Figure 2. Initiation of primordial germ cell migration

a | Drosophila melanogaster. I. At early stage 9 (∼4h After Egg Laying (AEL)), germ cells are tightly clustered in the midgut pocket. Primordial germ cells (PGCs) are not polarized at this stage and show little interaction with the midgut primordium. E-Cadherin, the small GTPase Rho1 and Gβ proteins are present uniformly at the cell periphery. Trapped in endoderm 1 (Tre1) signalling leads to the polarization of the PGCs, which take on a radial organization with the tails of the cells facing the inside of the cluster and the leading edges facing the midgut primordium. E-Cadherin, Rho1 and Gβ are redistributed to the tails of the cells. Next, the PGCs lose adhesion to each other and begin to extend cellular protrusions towards the epithelial cells of the midgut. b | Zebrafish. At specification, PGCs have a smooth, round morphology and do not posses migratory activity (3 hours post-fertilization (hpf)). PGCs begin to randomly extend small cellular protrusions in multiple directions at 3.5hpf. These protrusions disappear during mitosis. At 4.5hpf, PGCs become polarized, individualize and extend broad protrusions at the leading edge.
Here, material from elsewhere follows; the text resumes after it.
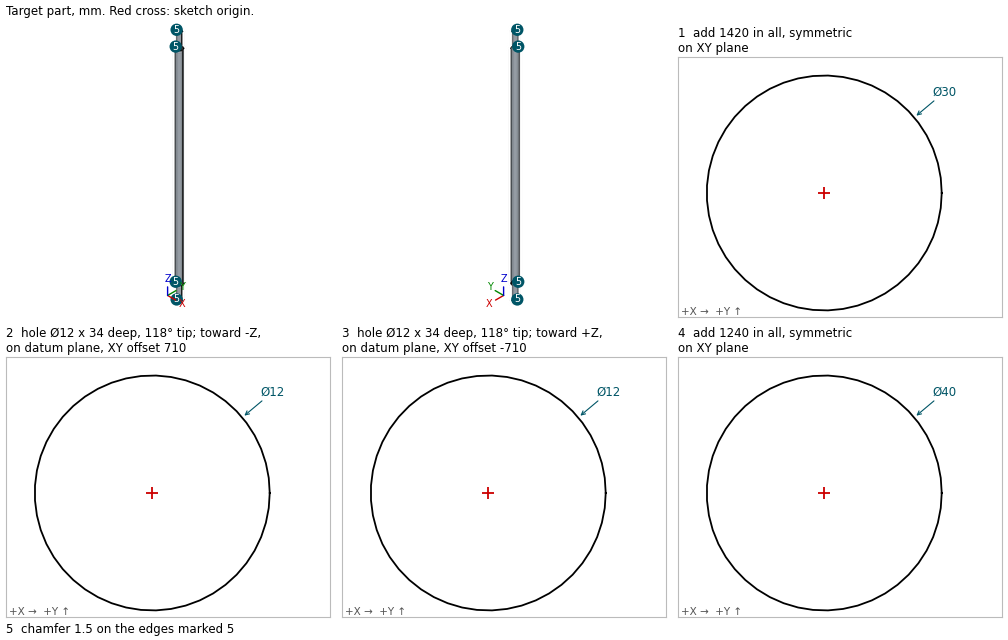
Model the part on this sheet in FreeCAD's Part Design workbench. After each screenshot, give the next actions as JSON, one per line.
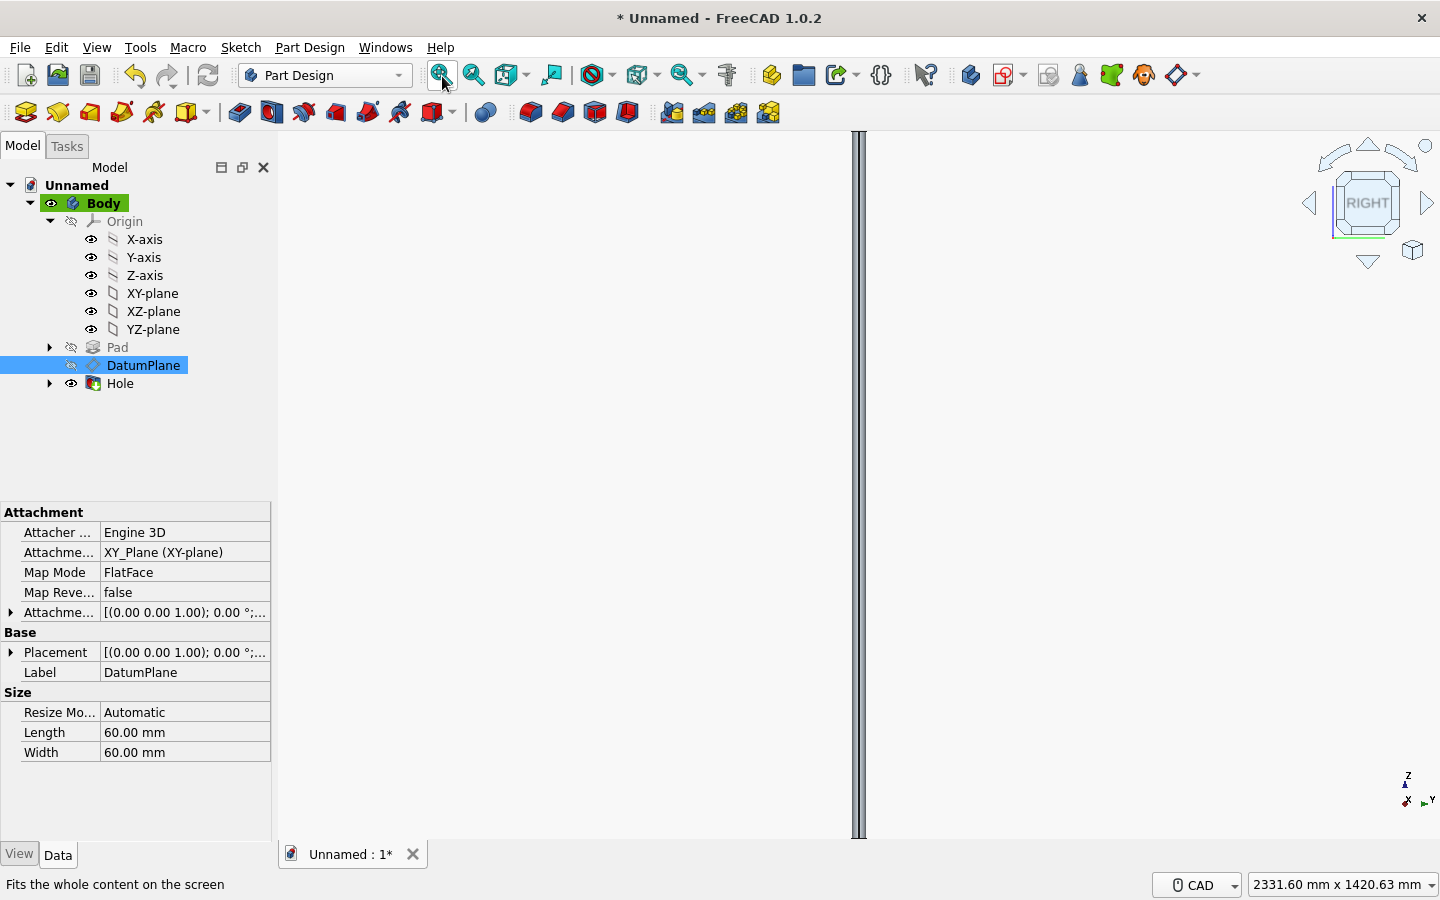
{"action": "left_click", "coordinate": [136, 293]}

This step is dependent on transcription and the Dead End protein, and is necessary for the cells to respond to stromal derived factor 1a (SDF-1a, also known as CXCL12a) chemokine signalling. c | Mouse. Following specification in the posterior primitive streak (embryonic day 7.5), PGCs have a smooth, round morphology. PGCs acquire a polarized morphology prior to initiating their migration into the endoderm. The molecular mechanisms regulating this polarization are not understood.

Figure 3. Molecular regulation of PGC migration paths

a | Drosophila melanogaster. i. The G-protein coupled receptor (GPCR) Trapped in endoderm 1 (Tre1) regulates transepithelial migration of primordial germ cells (PGCs) through the midgut. Tre1 might regulate Rho1, triggering cytoskeletal changes necessary for migration. ii. Wunen and Wunen2 (Wun and Wun2) regulate migration into the mesoderm. Wun and Wun2 are expressed at sites that PGCs avoid, such as the ventral midgut, and in PGCs. Data suggest that Wun and Wun2 hydrolyze an extracellular phospholipid that functions as a PGC attractant and survival factor. iii. PGCs are attracted to somatic gonad precursors (SGPs) by the 3-hydroxy-3-methylglutaryl coenzyme A reductase (Hmgcr) pathway, which adds a geranyl-geranyl (GG) group to a putative chemoattractant. Multidrug resistance 49 (Mdr49), an ABC transporter, is required for chemoattractant secretion. b | Zebrafish. PGCs expressing the GPCR Chemokine (CXC motif) Receptor 4b (CXCR4b) migrate towards the CXCR4b ligand, stromal derived factor 1a (SDF-1a), secreted by somatic cells. Another somatically-expressed GPCR, CXCR7b, promotes internalization and degradation of SDF-1a, which might lead to proper gradient formation and precise targeting of PGCs. Following PGC migration to an intermediate target, a new group of distant somatic cells begins expressing SDF-1a, directing PGCs to new targets. c | Mouse. PGC migration to the genital ridges is controlled by the GPCR CXCR4 and its ligand SDF-1. SDF-1 is expressed by the somatic cells of the genital ridge and PGCs express CXCR4. Integrin β1 is also required for this step. PGC motility and survival requires the receptor tyrosine kinase c-Kit and its ligand Steel. Steel is expressed by somatic cells surrounding PGCs throughout migration.